Being able to glance at my phone and know that my neither my children nor whoever is with them in my absence has tried to contact me is the only way my anxious mind can leave them at all. With my phone in my hand, the anxiety goes as quickly as it came. When manners or battery charge preclude me from looking, that is precisely when I am not paying attention the world or people around me.

My ability to function charted from high school to today has a definite high R-value increasing correlation to increasing capability and social tolerance of technology.

When it comes to most moralistically derided realm of the smartphone, social media, I resist the claim it is not real relationships. I have extremely real and intimate and honest and life-giving relationships primarily through Facebook messages. Maybe you are a bubbly extravert who’d rather meet up in person. This may be more the INFP than the ADHD talking, but as for me, I am very active on social media, but without it, my friendship would come in the form of “I have moved to an isolated island and live alone with some cats and books. You can visit, if you find us, I guess.”

Even in conversations, in Face-to-Face interactions, I am jotting notes in my phone, immediately noting something I said I would do in my calendar or to-do list app without any delay, checking a fact on my phone, or–and this is common living in a land of my second language–looking up words that people have just said to me or searching for the word I need next.
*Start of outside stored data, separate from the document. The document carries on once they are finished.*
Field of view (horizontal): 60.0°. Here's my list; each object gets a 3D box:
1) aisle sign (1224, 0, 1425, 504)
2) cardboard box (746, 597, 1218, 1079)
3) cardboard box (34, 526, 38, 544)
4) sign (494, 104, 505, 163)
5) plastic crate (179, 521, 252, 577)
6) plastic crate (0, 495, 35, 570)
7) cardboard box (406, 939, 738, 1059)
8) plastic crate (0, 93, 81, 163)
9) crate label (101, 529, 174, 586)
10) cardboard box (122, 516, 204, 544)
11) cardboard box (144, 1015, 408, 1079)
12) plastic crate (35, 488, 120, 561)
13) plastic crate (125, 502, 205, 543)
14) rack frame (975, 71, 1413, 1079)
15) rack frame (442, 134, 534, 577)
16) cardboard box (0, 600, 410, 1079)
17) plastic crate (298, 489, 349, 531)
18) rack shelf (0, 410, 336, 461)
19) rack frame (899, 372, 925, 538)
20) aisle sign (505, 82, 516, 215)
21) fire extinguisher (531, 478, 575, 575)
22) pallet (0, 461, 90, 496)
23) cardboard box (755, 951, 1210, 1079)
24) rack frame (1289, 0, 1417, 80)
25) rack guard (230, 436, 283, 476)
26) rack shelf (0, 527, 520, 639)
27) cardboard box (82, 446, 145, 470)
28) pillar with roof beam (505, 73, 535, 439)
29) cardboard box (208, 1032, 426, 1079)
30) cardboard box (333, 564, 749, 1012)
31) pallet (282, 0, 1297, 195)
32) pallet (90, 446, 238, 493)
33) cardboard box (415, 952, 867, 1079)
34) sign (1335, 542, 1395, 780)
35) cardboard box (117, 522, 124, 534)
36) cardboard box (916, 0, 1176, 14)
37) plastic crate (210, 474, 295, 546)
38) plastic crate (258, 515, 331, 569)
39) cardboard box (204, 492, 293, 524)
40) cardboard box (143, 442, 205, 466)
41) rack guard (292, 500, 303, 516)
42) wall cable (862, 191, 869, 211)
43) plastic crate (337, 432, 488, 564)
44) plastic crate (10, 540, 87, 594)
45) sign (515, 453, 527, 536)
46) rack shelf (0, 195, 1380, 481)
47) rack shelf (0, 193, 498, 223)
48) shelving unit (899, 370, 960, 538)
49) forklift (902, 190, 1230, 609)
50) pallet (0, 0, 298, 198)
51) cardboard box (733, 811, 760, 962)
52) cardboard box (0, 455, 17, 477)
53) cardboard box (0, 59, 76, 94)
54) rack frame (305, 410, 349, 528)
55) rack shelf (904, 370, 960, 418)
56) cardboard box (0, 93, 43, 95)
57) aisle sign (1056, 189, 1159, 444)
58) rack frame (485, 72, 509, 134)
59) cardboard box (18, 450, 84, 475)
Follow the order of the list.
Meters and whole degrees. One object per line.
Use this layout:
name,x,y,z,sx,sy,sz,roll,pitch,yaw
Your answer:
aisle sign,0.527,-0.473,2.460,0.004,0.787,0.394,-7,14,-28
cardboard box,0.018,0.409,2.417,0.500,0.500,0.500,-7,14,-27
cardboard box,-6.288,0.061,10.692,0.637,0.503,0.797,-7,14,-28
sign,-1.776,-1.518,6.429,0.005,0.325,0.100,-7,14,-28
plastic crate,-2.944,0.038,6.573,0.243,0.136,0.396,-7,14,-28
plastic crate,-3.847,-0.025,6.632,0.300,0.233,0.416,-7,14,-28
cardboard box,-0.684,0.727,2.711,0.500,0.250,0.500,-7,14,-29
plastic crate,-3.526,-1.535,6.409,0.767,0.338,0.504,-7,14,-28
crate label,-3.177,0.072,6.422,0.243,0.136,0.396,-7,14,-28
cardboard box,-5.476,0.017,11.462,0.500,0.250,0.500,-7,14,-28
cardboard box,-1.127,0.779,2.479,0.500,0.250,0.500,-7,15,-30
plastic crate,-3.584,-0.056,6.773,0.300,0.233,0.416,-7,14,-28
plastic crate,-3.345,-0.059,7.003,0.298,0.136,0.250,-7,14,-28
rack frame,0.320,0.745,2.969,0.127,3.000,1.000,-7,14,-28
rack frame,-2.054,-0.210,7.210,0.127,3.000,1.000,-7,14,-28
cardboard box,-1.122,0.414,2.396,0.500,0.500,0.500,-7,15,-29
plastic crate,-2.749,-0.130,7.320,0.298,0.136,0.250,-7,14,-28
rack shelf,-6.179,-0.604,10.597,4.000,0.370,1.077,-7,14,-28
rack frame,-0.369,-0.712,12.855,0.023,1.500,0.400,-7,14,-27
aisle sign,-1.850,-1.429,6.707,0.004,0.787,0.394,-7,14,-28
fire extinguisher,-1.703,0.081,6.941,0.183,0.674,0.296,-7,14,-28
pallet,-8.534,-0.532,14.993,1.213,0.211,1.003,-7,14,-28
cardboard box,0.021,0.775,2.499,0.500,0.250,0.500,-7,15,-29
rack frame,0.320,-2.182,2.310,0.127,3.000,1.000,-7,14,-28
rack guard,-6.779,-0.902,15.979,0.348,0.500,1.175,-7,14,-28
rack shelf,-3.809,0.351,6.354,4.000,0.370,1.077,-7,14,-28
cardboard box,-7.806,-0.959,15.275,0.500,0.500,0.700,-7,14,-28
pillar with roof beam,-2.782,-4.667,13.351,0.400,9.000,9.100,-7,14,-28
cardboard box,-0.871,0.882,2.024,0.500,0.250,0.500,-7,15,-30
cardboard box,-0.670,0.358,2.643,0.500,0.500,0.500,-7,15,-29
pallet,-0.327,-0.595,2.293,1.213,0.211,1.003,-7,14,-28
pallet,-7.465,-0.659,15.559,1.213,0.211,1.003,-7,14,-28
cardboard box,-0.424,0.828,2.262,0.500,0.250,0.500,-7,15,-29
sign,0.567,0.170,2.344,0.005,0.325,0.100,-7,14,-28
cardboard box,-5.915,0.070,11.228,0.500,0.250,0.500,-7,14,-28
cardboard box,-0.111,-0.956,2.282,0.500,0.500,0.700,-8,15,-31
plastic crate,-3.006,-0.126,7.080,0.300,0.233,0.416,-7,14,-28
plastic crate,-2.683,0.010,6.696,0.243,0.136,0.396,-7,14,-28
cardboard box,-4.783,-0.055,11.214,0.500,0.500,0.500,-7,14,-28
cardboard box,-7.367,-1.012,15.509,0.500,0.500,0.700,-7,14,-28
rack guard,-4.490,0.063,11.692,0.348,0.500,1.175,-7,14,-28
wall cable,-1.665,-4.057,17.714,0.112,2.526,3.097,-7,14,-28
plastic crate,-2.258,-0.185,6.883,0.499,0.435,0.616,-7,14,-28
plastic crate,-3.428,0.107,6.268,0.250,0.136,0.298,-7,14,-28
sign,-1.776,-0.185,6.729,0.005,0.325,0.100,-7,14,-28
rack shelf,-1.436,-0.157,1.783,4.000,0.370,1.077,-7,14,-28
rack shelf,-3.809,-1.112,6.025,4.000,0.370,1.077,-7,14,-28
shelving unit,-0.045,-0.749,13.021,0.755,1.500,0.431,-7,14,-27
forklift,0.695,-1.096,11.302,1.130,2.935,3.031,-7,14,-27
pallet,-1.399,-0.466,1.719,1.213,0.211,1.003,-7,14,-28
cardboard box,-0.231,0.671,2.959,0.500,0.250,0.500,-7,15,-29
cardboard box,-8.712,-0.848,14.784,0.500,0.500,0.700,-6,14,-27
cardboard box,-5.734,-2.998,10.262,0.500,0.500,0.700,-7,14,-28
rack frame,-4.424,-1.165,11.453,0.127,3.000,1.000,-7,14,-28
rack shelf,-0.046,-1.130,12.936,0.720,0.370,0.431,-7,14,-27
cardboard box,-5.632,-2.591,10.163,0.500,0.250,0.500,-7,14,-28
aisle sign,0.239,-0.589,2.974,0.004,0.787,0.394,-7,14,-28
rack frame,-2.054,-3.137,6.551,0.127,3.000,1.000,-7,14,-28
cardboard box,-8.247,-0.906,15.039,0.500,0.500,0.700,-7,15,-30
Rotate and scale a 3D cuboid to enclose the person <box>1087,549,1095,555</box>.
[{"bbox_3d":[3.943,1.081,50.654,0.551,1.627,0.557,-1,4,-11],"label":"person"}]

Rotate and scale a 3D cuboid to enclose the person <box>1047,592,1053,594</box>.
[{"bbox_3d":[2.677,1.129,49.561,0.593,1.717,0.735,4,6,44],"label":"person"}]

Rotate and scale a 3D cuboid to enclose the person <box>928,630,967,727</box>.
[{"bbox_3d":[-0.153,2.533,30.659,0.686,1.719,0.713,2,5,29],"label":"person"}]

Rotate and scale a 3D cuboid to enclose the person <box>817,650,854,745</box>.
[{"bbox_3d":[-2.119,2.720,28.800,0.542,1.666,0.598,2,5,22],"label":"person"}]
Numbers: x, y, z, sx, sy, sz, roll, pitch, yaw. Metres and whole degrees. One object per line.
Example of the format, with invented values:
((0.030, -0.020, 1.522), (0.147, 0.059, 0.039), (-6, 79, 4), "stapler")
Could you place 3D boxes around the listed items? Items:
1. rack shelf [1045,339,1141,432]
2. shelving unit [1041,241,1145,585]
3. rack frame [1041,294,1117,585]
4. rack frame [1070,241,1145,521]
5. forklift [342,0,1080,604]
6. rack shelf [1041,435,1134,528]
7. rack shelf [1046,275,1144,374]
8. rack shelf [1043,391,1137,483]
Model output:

Technophobia, at least its most over generalised and moralistic tones does not merely say, “No cell phones.” It says, “F– off, JD, and your kind.” And I don’t appreciate it. Because that hurts.

(I find it most perplexing that in our society we insist that the phone checkers and doodlers and fidgeters are the ones who have attention deficits, not the people who struggle to focus in our presence, but that is a very different rant for another time. The ADHD made me make this tangent. My formal education told me to at least use some darn parentheses. #ThanksExpos20)

I do not want to convert the smartphone skeptical into phone-lovers. But I do want your empathy. I want you to resist the snap judgments of your personality, or your neurotypicality, or your cultural biases about etiquette. And while I speak only from my experience, as a professional confidant of many younger-than-me folk, I know I am not alone in these experiences. Maybe not the majority, but not alone.

There are many of us for whom the choices are not between being on our damn phone and “living in the moment” or “being with you.” There are many of us for whom the only reason we are managing to be with you at all, whether it is remembering the meeting, finding our way there, remembering what we want to say, or feeling enough peace to give you our fullest attention, is because of the phone.

If a phone distracts you, if it stops you from living in the moment, put it away. Do what is right for you. But please don’t generalise. Or moralise. Because, if you are ever happy to see me, with brushed teeth, in clean clothes, on time, please say, “Thanks, Google,” to my phone.